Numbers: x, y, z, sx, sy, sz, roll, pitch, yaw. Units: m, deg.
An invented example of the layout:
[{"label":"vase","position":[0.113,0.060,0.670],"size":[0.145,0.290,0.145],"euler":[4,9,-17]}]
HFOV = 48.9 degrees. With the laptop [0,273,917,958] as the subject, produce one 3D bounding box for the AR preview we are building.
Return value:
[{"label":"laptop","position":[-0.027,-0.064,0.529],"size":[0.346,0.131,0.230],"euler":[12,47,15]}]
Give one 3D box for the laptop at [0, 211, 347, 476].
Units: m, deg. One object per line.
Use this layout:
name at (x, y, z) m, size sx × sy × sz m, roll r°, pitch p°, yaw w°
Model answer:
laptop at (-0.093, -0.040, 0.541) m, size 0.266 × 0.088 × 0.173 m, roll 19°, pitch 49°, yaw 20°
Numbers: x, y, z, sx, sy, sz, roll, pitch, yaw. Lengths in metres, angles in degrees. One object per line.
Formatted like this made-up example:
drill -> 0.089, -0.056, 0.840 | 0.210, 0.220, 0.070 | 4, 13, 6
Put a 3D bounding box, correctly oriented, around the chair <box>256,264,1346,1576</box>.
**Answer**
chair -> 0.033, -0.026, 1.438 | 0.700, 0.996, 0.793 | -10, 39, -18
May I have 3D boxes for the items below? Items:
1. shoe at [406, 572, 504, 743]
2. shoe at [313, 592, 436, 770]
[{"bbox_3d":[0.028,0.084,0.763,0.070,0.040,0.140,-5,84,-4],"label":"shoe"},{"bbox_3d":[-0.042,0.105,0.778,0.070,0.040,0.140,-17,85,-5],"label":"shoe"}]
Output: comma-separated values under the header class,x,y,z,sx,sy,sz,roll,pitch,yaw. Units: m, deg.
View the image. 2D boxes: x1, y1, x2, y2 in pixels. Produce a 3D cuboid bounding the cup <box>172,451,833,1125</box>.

++++

EXERCISE INSTRUCTIONS: All of the material must be given again, exactly as it appears above.

RESULT:
Numbers: x, y, z, sx, sy, sz, roll, pitch, yaw. Units: m, deg.
An invented example of the layout:
[{"label":"vase","position":[0.113,0.060,0.670],"size":[0.145,0.290,0.145],"euler":[4,9,-17]}]
HFOV = 48.9 degrees. With the laptop [0,273,917,958] as the subject, produce one 3D bounding box for the AR preview we are building.
Return value:
[{"label":"laptop","position":[-0.027,-0.064,0.529],"size":[0.346,0.131,0.230],"euler":[12,47,15]}]
Give one 3D box for the laptop at [0, 211, 347, 476].
Units: m, deg. One object per line.
Use this layout:
name at (x, y, z) m, size sx × sy × sz m, roll r°, pitch p°, yaw w°
Model answer:
laptop at (-0.093, -0.040, 0.541) m, size 0.266 × 0.088 × 0.173 m, roll 19°, pitch 49°, yaw 20°
Numbers: x, y, z, sx, sy, sz, roll, pitch, yaw. Lengths in metres, angles in degrees. One object per line.
Formatted like this made-up example:
drill -> 0.089, -0.056, 0.840 | 0.210, 0.220, 0.070 | 4, 13, 6
Put a 3D bounding box, correctly oriented, around the chair <box>256,264,1346,1576</box>.
**Answer**
chair -> 0.033, -0.026, 1.438 | 0.700, 0.996, 0.793 | -10, 39, -18
May I have 3D boxes for the items below? Items:
1. shoe at [406, 572, 504, 743]
2. shoe at [313, 592, 436, 770]
[{"bbox_3d":[0.028,0.084,0.763,0.070,0.040,0.140,-5,84,-4],"label":"shoe"},{"bbox_3d":[-0.042,0.105,0.778,0.070,0.040,0.140,-17,85,-5],"label":"shoe"}]
Output: comma-separated values under the header class,x,y,z,sx,sy,sz,roll,pitch,yaw. Units: m, deg.
View the image. 2D boxes: x1, y1, x2, y2 in pixels. Produce a 3D cuboid bounding the cup <box>172,451,833,1125</box>.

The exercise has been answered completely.